4 Areas Where Justifying Your Actions Is a Complete Waste of Time

Aug 14, 2016

tick tock, tick tock.


As if figuring out our ultimate life’s purpose wasn’t difficult enough, we have somebody breathing down our neck judging every move we make.

It’s enough to quit, kill, or go crazy.

And we see a lot this, don’t we?

When aligned with what we want, we know what we have to do, but we don’t want to hurt anybody’s feelings, and we don’t want to hear others complaining about it.

Why don’t they understand?

We don’t know why they don’t understand, but we think if we explain it to them they’ll eventually “get it”.

Only…they don’t.

So we end up quitting, killing, or going crazy.

We quit our work, we kill the dream, and it makes us feel crazy.

It is the worst kind of defeat.

So what can we do?


Space and Confidence

If you want to:

  • Save time,
  • Save energy,
  • Save emotions,
  • Garner respect, and
  • Send the best messages out into the universe…

You must stop justifying your actions to others.

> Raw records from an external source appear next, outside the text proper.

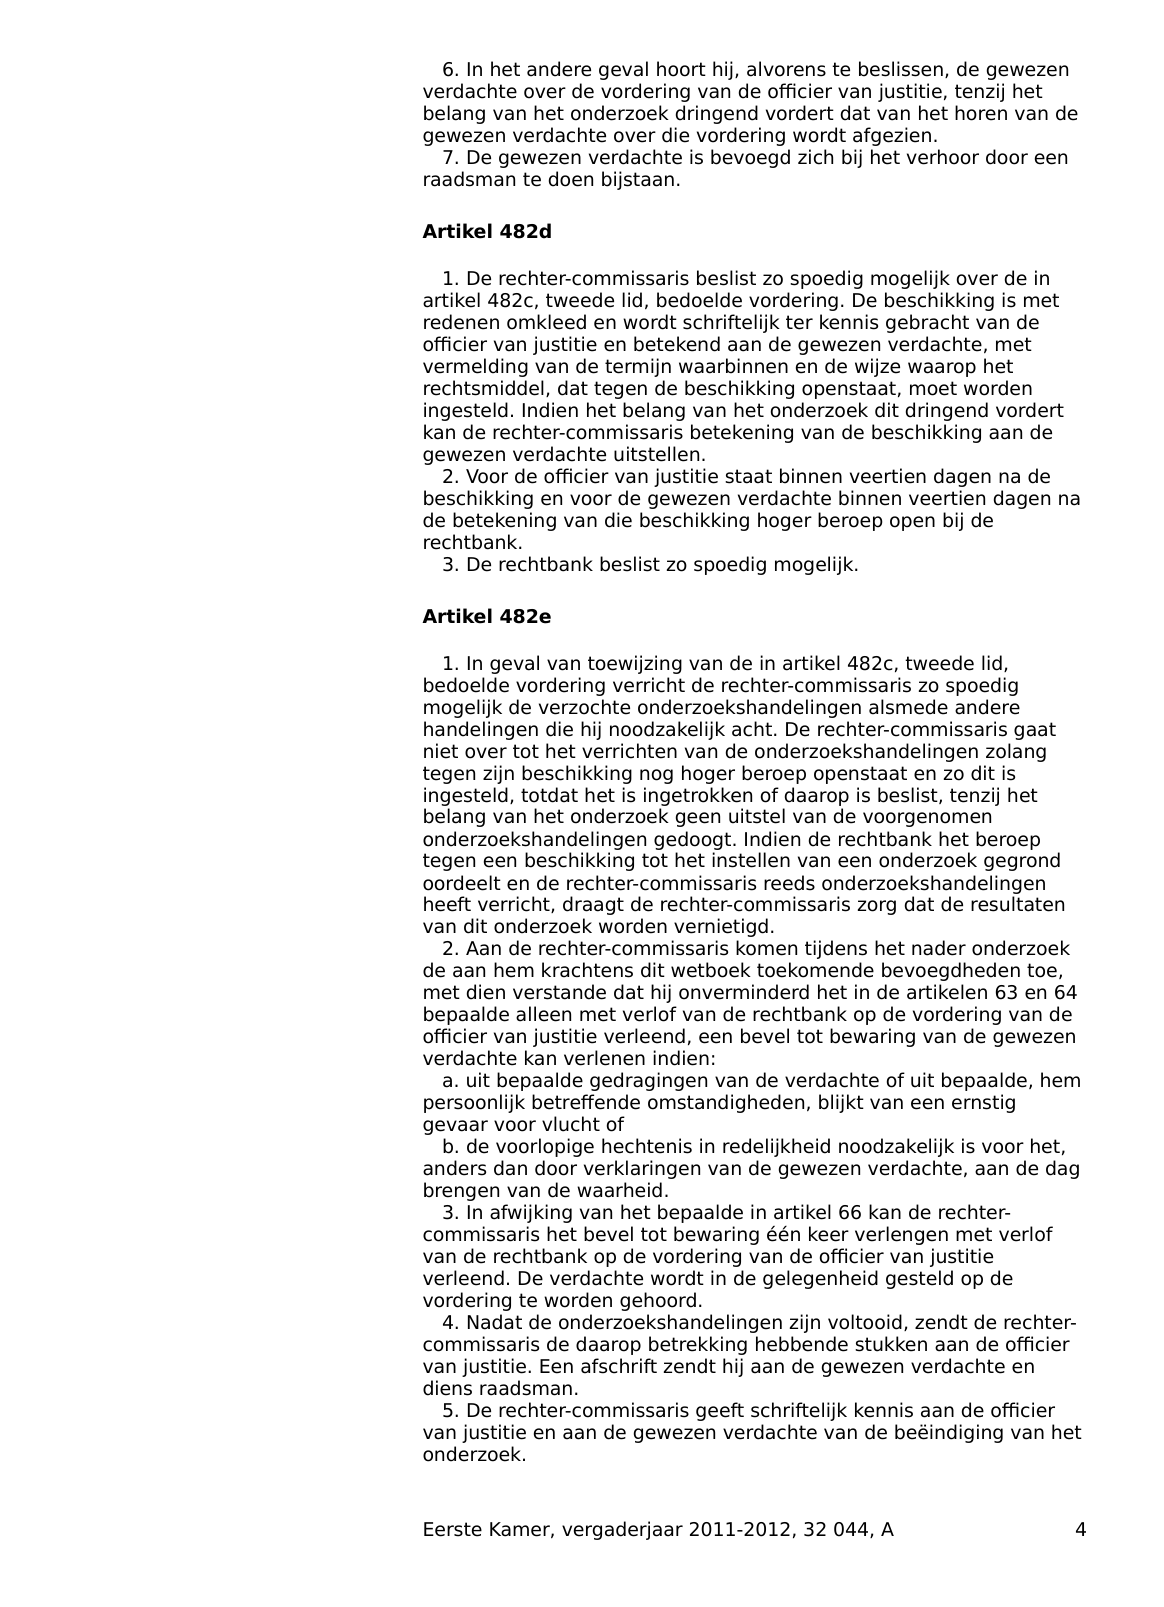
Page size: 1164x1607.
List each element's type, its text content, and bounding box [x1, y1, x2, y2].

subtitle Artikel 482d [422, 221, 1087, 243]
text a. uit bepaalde gedragingen van de verdachte of uit bepaalde, hem persoonlijk betreffende omstandigheden, blijkt van een ernstig gevaar voor vlucht of [422, 1070, 1087, 1136]
text b. de voorlopige hechtenis in redelijkheid noodzakelijk is voor het, anders dan door verklaringen van de gewezen verdachte, aan de dag brengen van de waarheid. [422, 1136, 1087, 1202]
text 5. De rechter-commissaris geeft schriftelijk kennis aan de officier van justitie en aan de gewezen verdachte van de beëindiging van het onderzoek. [422, 1400, 1087, 1466]
text 3. De rechtbank beslist zo spoedig mogelijk. [422, 554, 1087, 576]
text 3. In afwijking van het bepaalde in artikel 66 kan de rechter-commissaris het bevel tot bewaring één keer verlengen met verlof van de rechtbank op de vordering van de officier van justitie verleend. De verdachte wordt in de gelegenheid gesteld op de vordering te worden gehoord. [422, 1202, 1087, 1312]
subtitle Artikel 482e [422, 606, 1087, 628]
text 7. De gewezen verdachte is bevoegd zich bij het verhoor door een raadsman te doen bijstaan. [422, 147, 1087, 191]
text 2. Voor de officier van justitie staat binnen veertien dagen na de beschikking en voor de gewezen verdachte binnen veertien dagen na de betekening van die beschikking hoger beroep open bij de rechtbank. [422, 466, 1087, 554]
text 2. Aan de rechter-commissaris komen tijdens het nader onderzoek de aan hem krachtens dit wetboek toekomende bevoegdheden toe, met dien verstande dat hij onverminderd het in de artikelen 63 en 64 bepaalde alleen met verlof van de rechtbank op de vordering van de officier van justitie verleend, een bevel tot bewaring van de gewezen verdachte kan verlenen indien: [422, 938, 1087, 1070]
text 6. In het andere geval hoort hij, alvorens te beslissen, de gewezen verdachte over de vordering van de officier van justitie, tenzij het belang van het onderzoek dringend vordert dat van het horen van de gewezen verdachte over die vordering wordt afgezien. [422, 59, 1087, 147]
text 1. De rechter-commissaris beslist zo spoedig mogelijk over de in artikel 482c, tweede lid, bedoelde vordering. De beschikking is met redenen omkleed en wordt schriftelijk ter kennis gebracht van de officier van justitie en betekend aan de gewezen verdachte, met vermelding van de termijn waarbinnen en de wijze waarop het rechtsmiddel, dat tegen de beschikking openstaat, moet worden ingesteld. Indien het belang van het onderzoek dit dringend vordert kan de rechter-commissaris betekening van de beschikking aan de gewezen verdachte uitstellen. [422, 268, 1087, 466]
text 4. Nadat de onderzoekshandelingen zijn voltooid, zendt de rechter-commissaris de daarop betrekking hebbende stukken aan de officier van justitie. Een afschrift zendt hij aan de gewezen verdachte en diens raadsman. [422, 1312, 1087, 1400]
text 1. In geval van toewijzing van de in artikel 482c, tweede lid, bedoelde vordering verricht de rechter-commissaris zo spoedig mogelijk de verzochte onderzoekshandelingen alsmede andere handelingen die hij noodzakelijk acht. De rechter-commissaris gaat niet over tot het verrichten van de onderzoekshandelingen zolang tegen zijn beschikking nog hoger beroep openstaat en zo dit is ingesteld, totdat het is ingetrokken of daarop is beslist, tenzij het belang van het onderzoek geen uitstel van de voorgenomen onderzoekshandelingen gedoogt. Indien de rechtbank het beroep tegen een beschikking tot het instellen van een onderzoek gegrond oordeelt en de rechter-commissaris reeds onderzoekshandelingen heeft verricht, draagt de rechter-commissaris zorg dat de resultaten van dit onderzoek worden vernietigd. [422, 653, 1087, 938]

There are many areas where we justify our ideas and actions in our lives. Sometimes it’s at work. Sometimes it’s at home. Wherever it is, it always feels the same- not good.

Here are 4 areas of life where most people feel that they need to justify themselves to others. When you are able to stand independent of what others think of you, you will have immediate access to space and confidence- the two most important factors for making real progress towards your goals.


The 4 Areas

Again, these are common areas where we feel like we must justify ourselves, but you are encouraged to expand this list to shine light on your unique relationships and situation.


  1. Saying “no”

Saying “no” can feel like poison.

When somebody asks something of us, and we know it is in our best interest to say “no”, we always want to follow it up with the “why”. At first glance, this may seem like a common courtesy, but unless you are asked specifically why you did not say “yes”, then you are wasting your time.

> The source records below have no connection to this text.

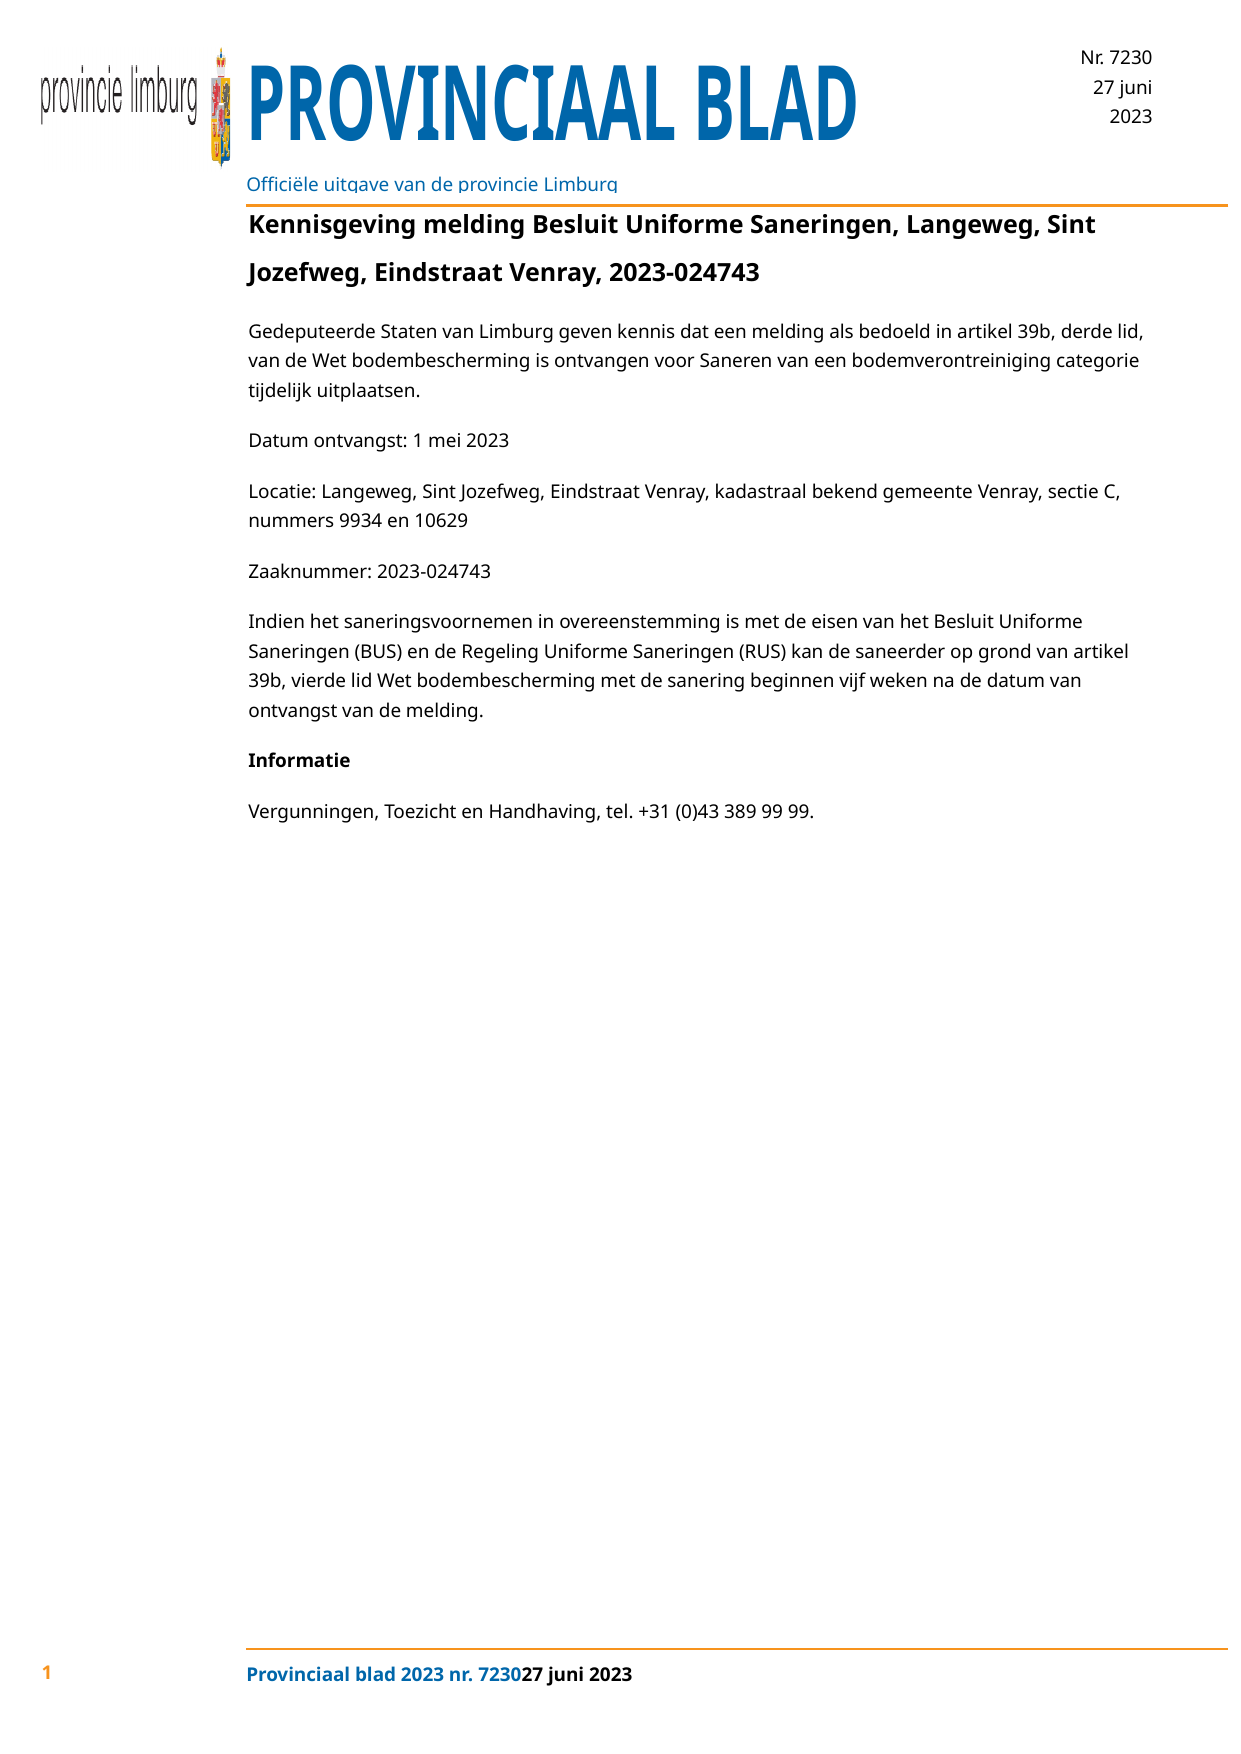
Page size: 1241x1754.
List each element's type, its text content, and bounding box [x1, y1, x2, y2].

text Kennisgeving melding Besluit Uniforme Saneringen, Langeweg, Sint Jozefweg, Eindstraat Venray, 2023-024743 [248, 207, 1152, 288]
text Informatie [248, 747, 1152, 773]
text Locatie: Langeweg, Sint Jozefweg, Eindstraat Venray, kadastraal bekend gemeente Venray, sectie C, nummers 9934 en 10629 [248, 478, 1152, 533]
text Gedeputeerde Staten van Limburg geven kennis dat een melding als bedoeld in artikel 39b, derde lid, van de Wet bodembescherming is ontvangen voor Saneren van een bodemverontreiniging categorie tijdelijk uitplaatsen. [248, 318, 1152, 403]
text Vergunningen, Toezicht en Handhaving, tel. +31 (0)43 389 99 99. [248, 798, 1152, 824]
text Datum ontvangst: 1 mei 2023 [248, 427, 1152, 453]
text Indien het saneringsvoornemen in overeenstemming is met de eisen van het Besluit Uniforme Saneringen (BUS) en de Regeling Uniforme Saneringen (RUS) kan de saneerder op grond van artikel 39b, vierde lid Wet bodembescherming met de sanering beginnen vijf weken na de datum van ontvangst van de melding. [248, 608, 1152, 723]
text Zaaknummer: 2023-024743 [248, 558, 1152, 584]
picture [41, 47, 231, 172]

And why the need to justify here?

Many of us will come up with different answers, but ultimately we don’t want to ruin future possibilities, as if this “no” will cancel out future opportunities. However, this could not be further from the truth.

In fact, when you say “no” to someone, you are saying “yes” to yourself. The “yes” that you are giving yourself, opens up the possibility for you to be free to be yourself. This is the place where true expression and creativity arise.

Ask yourself what’s more important, going to some dinner function you absolutely have no interest in, or building the relationship with your expression and creativity? No brainer, right?


  1. Acting selfishly

It almost leaves a bad taste in your mouth, doesn’t it?

“Acting selfishly” has gotten a bad rap. What is so wrong about serving your personal wants and needs? In fact, how could anyone expect to serve somebody else without serving themselves first?

If you tried, your actions would be lacking in conviction, lacking in power. How much value can you actually create for your loved ones this way?

And why would anybody possibly be upset with the idea of you serving yourself before them? It’s because they have not been giving themselves permission to serve themselves first. They want you to suffer as they have.

This almost always happens at the subconscious level and should not be taken personally. However, what’s the best thing to do in these situations? Play ball? Or start a new game?


  1. Not engaging in meaningless conversation

Most people talk about what is safe, which is terribly boring.

If they just so happen to skip over the safest topics of conversation, they move on to talking about themselves, which is based in the ego and is also terribly boring.

You don’t have to be the punching bag for somebody else in these situations. It’s an incredible strain on the heart and mind. It’s easy for you to think of 1000 things you’d rather be doing.

So what can you do? Do one of these 1000 things. Dismiss yourself from the conversation with some polite excuse and turn your attention to something that will serve your best interests.


  1. Moving on

Talking to, or witnessing, somebody who chooses to “move on” is like meeting a Martian.

Most people stay where they are and don’t move for fear of success, failure, or how others will perceive them. When you share your idea/story of “moving on” often it will excite their deepest, darkest fears.

Their fear will want to protect their mode of living and demand that you justify your position. Is it so that they can learn and adopt your successful habits? Nine out of ten times the answer is “no”. What they are really looking for are little pockets for confrontation. Their ego wants to battle and defend.

How can you skip over all of this, don’t justify your life to them.


Your Next Step

Identify the one area in your life where you feel like you have to justify your behavior to someone. When you do, cut the amount of these kinds of conversations in half. Silence is your best weapon during these episodes.


Food for Thought

When ideas of “needing” to justify to others pop into your head, stop and ask yourself “Who am I really trying to convince?” If you think you might have an answer to this question, please share by leaving a comment below.


  1. Who am I really trying to convince? Usually me.

    • AllTooSimple says:

      Peter, thank you for your comment. It’s a lot of work convincing ourselves, isn’t it?